━━━━━ Data records
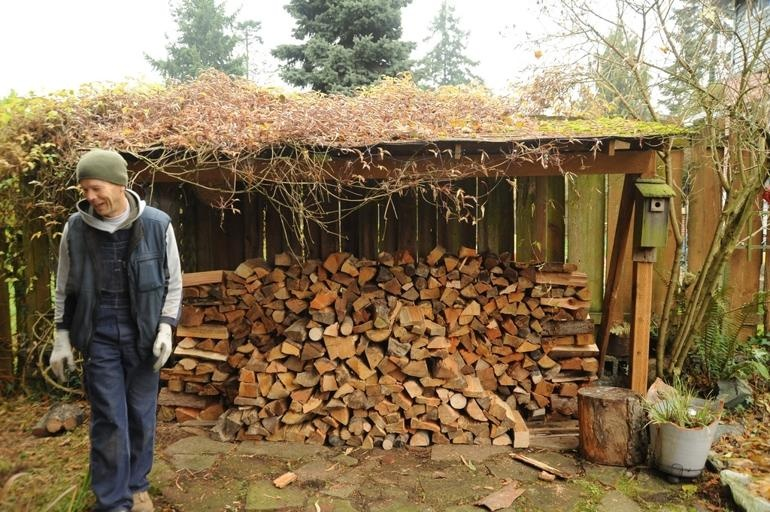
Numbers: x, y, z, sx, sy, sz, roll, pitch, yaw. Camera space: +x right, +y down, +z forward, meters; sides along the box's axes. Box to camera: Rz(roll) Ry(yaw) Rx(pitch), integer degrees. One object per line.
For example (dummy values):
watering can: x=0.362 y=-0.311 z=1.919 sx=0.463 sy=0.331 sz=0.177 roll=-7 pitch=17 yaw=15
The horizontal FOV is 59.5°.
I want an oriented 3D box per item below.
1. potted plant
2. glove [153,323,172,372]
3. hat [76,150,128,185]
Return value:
potted plant: x=3.008 y=1.855 z=7.154 sx=0.735 sy=0.929 sz=0.890 roll=3 pitch=-13 yaw=7
glove: x=-2.050 y=0.845 z=6.258 sx=0.204 sy=0.400 sz=0.116 roll=8 pitch=2 yaw=12
hat: x=-2.577 y=-0.767 z=6.092 sx=0.353 sy=0.288 sz=0.356 roll=-9 pitch=0 yaw=23
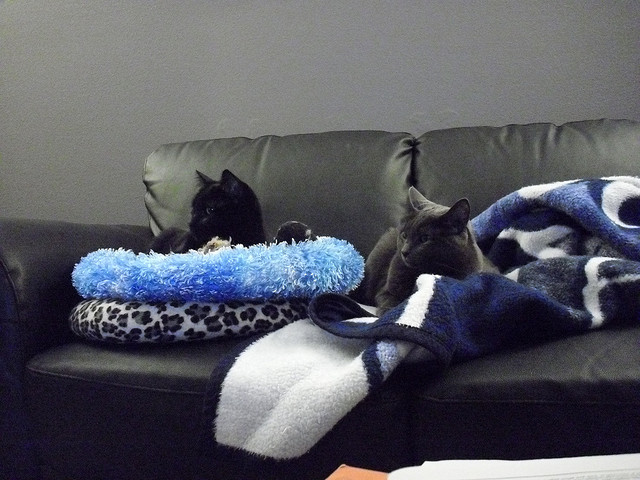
━━━━━━━━━━
> Problem requirements:
Exactly repeat only the lines from the one with "I want an oriented 3D box per item below." to the closing line above, both included, and omit every picture.

> Problem solution:
I want an oriented 3D box per item below.
1. potted plant
2. glove [153,323,172,372]
3. hat [76,150,128,185]
Return value:
potted plant: x=3.008 y=1.855 z=7.154 sx=0.735 sy=0.929 sz=0.890 roll=3 pitch=-13 yaw=7
glove: x=-2.050 y=0.845 z=6.258 sx=0.204 sy=0.400 sz=0.116 roll=8 pitch=2 yaw=12
hat: x=-2.577 y=-0.767 z=6.092 sx=0.353 sy=0.288 sz=0.356 roll=-9 pitch=0 yaw=23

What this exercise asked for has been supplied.